** Opening Data section block **
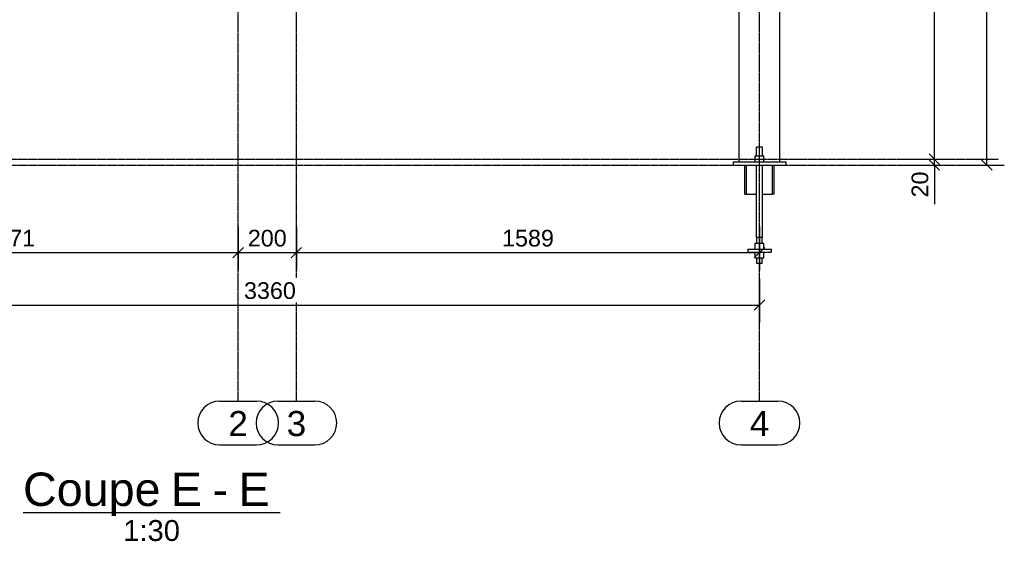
# Model space of a CAD drawing. Header units: millimetres. Extents: x 25 to 224619, y 20 to 11454.
# Tile 62 of 105: x 149838 to 153216, y 119 to 1909. Entities that reach past the tile are written whole.
import ezdxf

# ---------------------------------------------------------------- set-up
doc = ezdxf.new("R2010")
doc.units = ezdxf.units.MM
doc.linetypes.add('DXK_LINE_DOT3', pattern=[5.9187, 2.979, -0.9799, 0.9799, -0.9799])
for name, color, linetype in [('ACIER_VISIBLE', 7, 'Continuous'), ('COTATIONS', 7, 'Continuous'), ('MAILLAGE', 7, 'Continuous')]:
    doc.layers.add(name, color=color, linetype=linetype)
doc.styles.add('Arial', font='arial.ttf', dxfattribs={"height": 0.2})

# ---------------------------------------------------------------- blocks, each defined once
blk = doc.blocks.new('Unknown-1649644-17 - 24455')
at = {"color": 6, "linetype": 'Continuous'}
blk.add_line((149849.1, 217.5), (150731.1, 217.5), dxfattribs=at)
at = {"color": 0, "linetype": 'Continuous'}
for points in [[(150320.4, 240), (150320.4, 360), (149849.1, 360), (149849.1, 240)], [(150463.1, 240), (150463.1, 360), (150356.4, 360), (150356.4, 240)], [(150552.4, 240), (150552.4, 360), (150499.1, 360), (150499.1, 240)], [(150695.1, 240), (150695.1, 360), (150588.4, 360), (150588.4, 240)], [(150387.4, 120), (150387.4, 195), (150192.8, 195), (150192.8, 120)]]:
    blk.add_wipeout(points, dxfattribs=at)
at = {"color": 6, "linetype": 'Continuous', "style": 'Arial'}
for s, height, p in [('Coupe', 114.61, (149849.1, 240)), ('E', 114.6, (150356.4, 240)), ('E', 114.6, (150588.4, 240)), ('-', 114.6, (150499.1, 240)), ('1:30', 71.63, (150192.8, 120))]:
    blk.add_text(s, height=height, dxfattribs=at).set_placement(p)
blk = doc.blocks.new('GridLine-1649644-24728 - 24455')
at = {"layer": 'MAILLAGE', "color": 7, "linetype": 'DXK_LINE_DOT3'}
blk.add_line((148007.4, 1410.3), (153196.7, 1410.3), dxfattribs=at)
blk = doc.blocks.new('GridLine-1649644-24725 - 24455')
at = {"layer": 'MAILLAGE', "color": 7, "linetype": 'DXK_LINE_DOT3'}
blk.add_line((150587.1, 600), (150587.1, 7140.3), dxfattribs=at)
at = {"layer": 'MAILLAGE', "color": 7, "linetype": 'Continuous'}
for p, q in [((150523.8, 600), (150650.5, 600)), ((150523.8, 450), (150650.5, 450))]:
    blk.add_line(p, q, dxfattribs=at)
for centre, start, end in [((150523.8, 525), 90, 270), ((150650.5, 525), 270, 90)]:
    blk.add_arc(centre, 75, start, end, dxfattribs=at)
at = {"layer": 'MAILLAGE', "color": 7, "linetype": 'Continuous', "style": 'Arial'}
blk.add_text('2', height=86, dxfattribs=at).set_placement((150553.8, 480))
blk = doc.blocks.new('GridLine-1649644-24726 - 24455')
at = {"layer": 'MAILLAGE', "color": 7, "linetype": 'DXK_LINE_DOT3'}
blk.add_line((150787.1, 600), (150787.1, 7140.3), dxfattribs=at)
at = {"layer": 'MAILLAGE', "color": 7, "linetype": 'Continuous'}
for p, q in [((150723.8, 600), (150850.5, 600)), ((150723.8, 450), (150850.5, 450))]:
    blk.add_line(p, q, dxfattribs=at)
for centre, start, end in [((150723.8, 525), 90, 270), ((150850.5, 525), 270, 90)]:
    blk.add_arc(centre, 75, start, end, dxfattribs=at)
at = {"layer": 'MAILLAGE', "color": 7, "linetype": 'Continuous', "style": 'Arial'}
blk.add_text('3', height=86, dxfattribs=at).set_placement((150753.8, 480))
blk = doc.blocks.new('GridLine-1649644-24727 - 24455')
at = {"layer": 'MAILLAGE', "color": 7, "linetype": 'DXK_LINE_DOT3'}
blk.add_line((152376.2, 600), (152376.2, 7140.3), dxfattribs=at)
at = {"layer": 'MAILLAGE', "color": 7, "linetype": 'Continuous'}
for p, q in [((152312.8, 600), (152439.5, 600)), ((152312.8, 450), (152439.5, 450))]:
    blk.add_line(p, q, dxfattribs=at)
for centre, start, end in [((152312.8, 525), 90, 270), ((152439.5, 525), 270, 90)]:
    blk.add_arc(centre, 75, start, end, dxfattribs=at)
at = {"layer": 'MAILLAGE', "color": 7, "linetype": 'Continuous', "style": 'Arial'}
blk.add_text('4', height=86, dxfattribs=at).set_placement((152342.8, 480))
blk = doc.blocks.new('GridLine-1649644-24729 - 24455')
at = {"layer": 'MAILLAGE', "color": 7, "linetype": 'DXK_LINE_DOT3'}
blk.add_line((148007.4, 1430.3), (153196.7, 1430.3), dxfattribs=at)
blk = doc.blocks.new('Part-1649644-24465 - 24455')
at = {"layer": 'ACIER_VISIBLE', "color": 136, "linetype": 'Continuous'}
for p, q in [((152306.3, 2920), (152306.3, 3282.3)), ((152311.9, 3282.3), (152309.5, 3282.3)), ((152321.2, 3282.3), (152318.2, 3282.3)), ((152434.1, 3282.3), (152429.6, 3282.3)), ((152440.4, 3282.3), (152442.6, 3282.3)), ((152442.6, 3282.3), (152442.9, 3282.3)), ((152446, 1421.7), (152446, 3282.3)), ((152306.3, 1421.7), (152306.3, 2846.8))]:
    blk.add_line(p, q, dxfattribs=at)
blk = doc.blocks.new('Part-1649644-24646 - 24455')
at = {"color": 136, "linetype": 'Continuous'}
for p, q in [((152386.2, 1471.7), (152366.2, 1471.7)), ((152366.2, 1441.7), (152366.2, 1471.7)), ((152386.2, 1441.7), (152386.2, 1471.7)), ((152366.2, 1161.7), (152366.2, 1409.7)), ((152386.2, 1161.7), (152386.2, 1409.7)), ((152386.2, 1161.7), (152366.2, 1161.7)), ((152366.7, 1141.7), (152366.7, 1161.7)), ((152385.7, 1141.7), (152385.7, 1161.7)), ((152366.7, 1071.7), (152366.7, 1091.7)), ((152385.7, 1071.7), (152385.7, 1091.7)), ((152385.7, 1071.7), (152366.7, 1071.7))]:
    blk.add_line(p, q, dxfattribs=at)
blk = doc.blocks.new('Part-1649644-24642 - 24455')
at = {"layer": 'ACIER_VISIBLE', "color": 136, "linetype": 'Continuous'}
for p, q in [((152286.3, 1421.7), (152286.3, 1409.7)), ((152286.3, 1421.7), (152466, 1421.7)), ((152466, 1421.7), (152466, 1409.7)), ((152286.3, 1409.7), (152466, 1409.7))]:
    blk.add_line(p, q, dxfattribs=at)
blk = doc.blocks.new('Part-1649644-24648 - 24455')
at = {"layer": 'ACIER_VISIBLE', "color": 136, "linetype": 'Continuous'}
for p, q in [((152326.2, 1309.7), (152326.2, 1409.7)), ((152331.9, 1309.7), (152331.9, 1409.7)), ((152420.5, 1309.7), (152420.5, 1409.7)), ((152426.2, 1309.7), (152426.2, 1409.7)), ((152326.2, 1309.7), (152331.9, 1309.7)), ((152331.9, 1309.7), (152366.2, 1309.7)), ((152386.2, 1309.7), (152420.5, 1309.7)), ((152426.2, 1309.7), (152420.5, 1309.7))]:
    blk.add_line(p, q, dxfattribs=at)
blk = doc.blocks.new('Part-1649644-24647 - 24455')
at = {"layer": 'ACIER_VISIBLE', "color": 136, "linetype": 'Continuous'}
for p, q in [((152361.2, 1421.7), (152361.2, 1441.7)), ((152361.2, 1441.7), (152391.2, 1441.7)), ((152376.2, 1421.7), (152376.2, 1441.7)), ((152391.2, 1421.7), (152391.2, 1441.7))]:
    blk.add_line(p, q, dxfattribs=at)
blk = doc.blocks.new('Part-1649644-24770 - 24455')
at = {"layer": 'ACIER_VISIBLE', "color": 136, "linetype": 'Continuous'}
for p, q in [((152336.2, 1121.7), (152336.2, 1111.7)), ((152336.2, 1121.7), (152416.2, 1121.7)), ((152416.2, 1121.7), (152416.2, 1111.7)), ((152336.2, 1111.7), (152416.2, 1111.7))]:
    blk.add_line(p, q, dxfattribs=at)
blk = doc.blocks.new('Part-1649644-24772 - 24455')
at = {"layer": 'ACIER_VISIBLE', "color": 136, "linetype": 'Continuous'}
for p, q in [((152361.2, 1091.7), (152361.2, 1111.7)), ((152361.2, 1091.7), (152391.2, 1091.7)), ((152376.2, 1091.7), (152376.2, 1111.7)), ((152391.2, 1091.7), (152391.2, 1111.7))]:
    blk.add_line(p, q, dxfattribs=at)
blk = doc.blocks.new('Part-1649644-24773 - 24455')
at = {"layer": 'ACIER_VISIBLE', "color": 136, "linetype": 'Continuous'}
for p, q in [((152361.2, 1121.7), (152361.2, 1141.7)), ((152361.2, 1141.7), (152391.2, 1141.7)), ((152376.2, 1121.7), (152376.2, 1141.7)), ((152391.2, 1121.7), (152391.2, 1141.7))]:
    blk.add_line(p, q, dxfattribs=at)
blk = doc.blocks.new('StraightDimension-1649644-36917 - 24455')
at = {"layer": 'COTATIONS', "color": 7, "linetype": 'Continuous'}
for p, q in [((150787.1, 1199.6), (150787.1, 1049.6)), ((152376.2, 1199.6), (152376.2, 1049.6)), ((150805.1, 1127.6), (150769.1, 1091.6)), ((152358.2, 1091.6), (152394.2, 1127.6)), ((150787.1, 1109.6), (152376.2, 1109.6))]:
    blk.add_line(p, q, dxfattribs=at)
at = {"color": 0}
blk.add_wipeout([(151682.6, 1118.6), (151682.6, 1202.6), (151480.7, 1202.6), (151480.7, 1118.6)], dxfattribs=at).dxf.layer = 'COTATIONS'
at = {"layer": 'COTATIONS', "color": 7, "style": 'Arial'}
blk.add_text('1589', height=57.3, dxfattribs=at).set_placement((151492.7, 1130.6))
blk = doc.blocks.new('StraightDimension-1649644-36927 - 24455')
at = {"layer": 'COTATIONS', "color": 7, "linetype": 'Continuous'}
for p, q in [((153174.2, 5822.3), (153138.2, 5858.3)), ((153066.2, 5840.3), (153216.2, 5840.3)), ((153156.2, 1410.3), (153156.2, 5840.3)), ((153138.2, 1428.3), (153174.2, 1392.3)), ((153066.2, 1410.3), (153216.2, 1410.3))]:
    blk.add_line(p, q, dxfattribs=at)
at = {"color": 0}
blk.add_wipeout([(153147.2, 3726.2), (153063.2, 3726.2), (153063.2, 3524.4), (153147.2, 3524.4)], dxfattribs=at).dxf.layer = 'COTATIONS'
at = {"layer": 'COTATIONS', "color": 7, "style": 'Arial'}
blk.add_text('4430', height=57.3, rotation=90.0002, dxfattribs=at).set_placement((153135.2, 3536.4))
blk = doc.blocks.new('StraightDimension-1649644-36925 - 24455')
at = {"layer": 'COTATIONS', "color": 7, "linetype": 'Continuous'}
for p, q in [((152376.2, 1019.6), (152376.2, 869.6)), ((152358.2, 911.6), (152394.2, 947.6)), ((149016.1, 929.6), (152376.2, 929.6))]:
    blk.add_line(p, q, dxfattribs=at)
at = {"color": 0}
blk.add_wipeout([(150797.1, 938.6), (150797.1, 1022.6), (150595.2, 1022.6), (150595.2, 938.6)], dxfattribs=at).dxf.layer = 'COTATIONS'
at = {"layer": 'COTATIONS', "color": 7, "style": 'Arial'}
blk.add_text('3360', height=57.3, dxfattribs=at).set_placement((150607.2, 950.6))
blk = doc.blocks.new('StraightDimension-1649644-36918 - 24455')
at = {"layer": 'COTATIONS', "color": 7, "linetype": 'Continuous'}
for p, q in [((150587.1, 1199.6), (150587.1, 1049.6)), ((150787.1, 1199.6), (150787.1, 1049.6)), ((150605.1, 1127.6), (150569.1, 1091.6)), ((150769.1, 1091.6), (150805.1, 1127.6)), ((150587.1, 1109.6), (150787.1, 1109.6))]:
    blk.add_line(p, q, dxfattribs=at)
at = {"color": 0}
blk.add_wipeout([(150765.8, 1118.6), (150765.8, 1202.6), (150608.4, 1202.6), (150608.4, 1118.6)], dxfattribs=at).dxf.layer = 'COTATIONS'
at = {"layer": 'COTATIONS', "color": 7, "style": 'Arial'}
blk.add_text('200', height=57.3, dxfattribs=at).set_placement((150620.4, 1130.6))
blk = doc.blocks.new('StraightDimension-1649644-36919 - 24455')
at = {"layer": 'COTATIONS', "color": 7, "linetype": 'Continuous'}
for p, q in [((149016.1, 1199.6), (149016.1, 1049.6)), ((150587.1, 1199.6), (150587.1, 1049.6)), ((149034.1, 1127.6), (148998.1, 1091.6)), ((150569.1, 1091.6), (150605.1, 1127.6)), ((149016.1, 1109.6), (150587.1, 1109.6))]:
    blk.add_line(p, q, dxfattribs=at)
at = {"color": 0}
blk.add_wipeout([(149902.6, 1118.6), (149902.6, 1202.6), (149700.7, 1202.6), (149700.7, 1118.6)], dxfattribs=at).dxf.layer = 'COTATIONS'
at = {"layer": 'COTATIONS', "color": 7, "style": 'Arial'}
blk.add_text('1571', height=57.3, dxfattribs=at).set_placement((149712.7, 1130.6))
blk = doc.blocks.new('StraightDimension-1649644-36922 - 24455')
at = {"layer": 'COTATIONS', "color": 7, "linetype": 'Continuous'}
for p, q in [((152886.2, 5820.3), (153036.2, 5820.3)), ((152994.2, 5802.3), (152958.2, 5838.3)), ((152976.2, 1430.3), (152976.2, 5820.3)), ((152886.2, 1430.3), (153036.2, 1430.3)), ((152958.2, 1448.3), (152994.2, 1412.3))]:
    blk.add_line(p, q, dxfattribs=at)
at = {"color": 0}
blk.add_wipeout([(152967.2, 3726.2), (152883.2, 3726.2), (152883.2, 3524.4), (152967.2, 3524.4)], dxfattribs=at).dxf.layer = 'COTATIONS'
at = {"layer": 'COTATIONS', "color": 7, "style": 'Arial'}
blk.add_text('4390', height=57.3, rotation=90.0002, dxfattribs=at).set_placement((152955.2, 3536.4))
blk = doc.blocks.new('StraightDimension-1649644-36923 - 24455')
at = {"layer": 'COTATIONS', "color": 7, "linetype": 'Continuous'}
for p, q in [((152886.2, 1430.3), (153036.2, 1430.3)), ((152958.2, 1448.3), (152994.2, 1412.3)), ((152994.2, 1392.3), (152958.2, 1428.3)), ((152976.2, 1410.3), (152976.2, 1430.3)), ((152886.2, 1410.3), (153036.2, 1410.3))]:
    blk.add_line(p, q, dxfattribs=at)
at = {"color": 0}
blk.add_wipeout([(152967.2, 1399.8), (152883.2, 1399.8), (152883.2, 1286.9), (152967.2, 1286.9)], dxfattribs=at).dxf.layer = 'COTATIONS'
at = {"layer": 'COTATIONS', "color": 7, "linetype": 'Continuous'}
blk.add_line((152976.2, 1410.3), (152976.2, 1276.4), dxfattribs=at)
blk.add_line((152976.2, 1410.3), (152976.2, 1276.4), dxfattribs=at)
at = {"layer": 'COTATIONS', "color": 7, "style": 'Arial'}
blk.add_text('20', height=57.3, rotation=90.0002, dxfattribs=at).set_placement((152955.2, 1298.9))

msp = doc.modelspace()

# ---------------------------------------------------------------- block references
for name in ['GridLine-1649644-24725 - 24455', 'GridLine-1649644-24726 - 24455', 'GridLine-1649644-24727 - 24455', 'Part-1649644-24465 - 24455', 'GridLine-1649644-24729 - 24455', 'GridLine-1649644-24728 - 24455', 'Part-1649644-24646 - 24455', 'Part-1649644-24642 - 24455', 'Part-1649644-24647 - 24455', 'Part-1649644-24648 - 24455', 'Part-1649644-24770 - 24455', 'Part-1649644-24773 - 24455', 'Part-1649644-24772 - 24455', 'Unknown-1649644-17 - 24455']:
    msp.add_blockref(name, (0, 0))

# ---------------------------------------------------------------- next in the draw order: block references
for name in ['StraightDimension-1649644-36927 - 24455', 'StraightDimension-1649644-36922 - 24455', 'StraightDimension-1649644-36917 - 24455', 'StraightDimension-1649644-36925 - 24455']:
    msp.add_blockref(name, (0, 0))

# ---------------------------------------------------------------- next in the draw order: block references
for name in ['StraightDimension-1649644-36923 - 24455', 'StraightDimension-1649644-36918 - 24455']:
    msp.add_blockref(name, (0, 0))

# ---------------------------------------------------------------- next in the draw order: block references
msp.add_blockref('StraightDimension-1649644-36919 - 24455', (0, 0))

doc.saveas('drawing.dxf')
** Closing Data section block **
What to do:
Write out the lines from the start of the material to the line with "for s, height, p", inclusive and exactly. Skip the pictures.

Solution:
# Model space of a CAD drawing. Header units: millimetres. Extents: x 25 to 224619, y 20 to 11454.
# Tile 62 of 105: x 149838 to 153216, y 119 to 1909. Entities that reach past the tile are written whole.
import ezdxf

# ---------------------------------------------------------------- set-up
doc = ezdxf.new("R2010")
doc.units = ezdxf.units.MM
doc.linetypes.add('DXK_LINE_DOT3', pattern=[5.9187, 2.979, -0.9799, 0.9799, -0.9799])
for name, color, linetype in [('ACIER_VISIBLE', 7, 'Continuous'), ('COTATIONS', 7, 'Continuous'), ('MAILLAGE', 7, 'Continuous')]:
    doc.layers.add(name, color=color, linetype=linetype)
doc.styles.add('Arial', font='arial.ttf', dxfattribs={"height": 0.2})

# ---------------------------------------------------------------- blocks, each defined once
blk = doc.blocks.new('Unknown-1649644-17 - 24455')
at = {"color": 6, "linetype": 'Continuous'}
blk.add_line((149849.1, 217.5), (150731.1, 217.5), dxfattribs=at)
at = {"color": 0, "linetype": 'Continuous'}
for points in [[(150320.4, 240), (150320.4, 360), (149849.1, 360), (149849.1, 240)], [(150463.1, 240), (150463.1, 360), (150356.4, 360), (150356.4, 240)], [(150552.4, 240), (150552.4, 360), (150499.1, 360), (150499.1, 240)], [(150695.1, 240), (150695.1, 360), (150588.4, 360), (150588.4, 240)], [(150387.4, 120), (150387.4, 195), (150192.8, 195), (150192.8, 120)]]:
    blk.add_wipeout(points, dxfattribs=at)
at = {"color": 6, "linetype": 'Continuous', "style": 'Arial'}
for s, height, p in [('Coupe', 114.61, (149849.1, 240)), ('E', 114.6, (150356.4, 240)), ('E', 114.6, (150588.4, 240)), ('-', 114.6, (150499.1, 240)), ('1:30', 71.63, (150192.8, 120))]:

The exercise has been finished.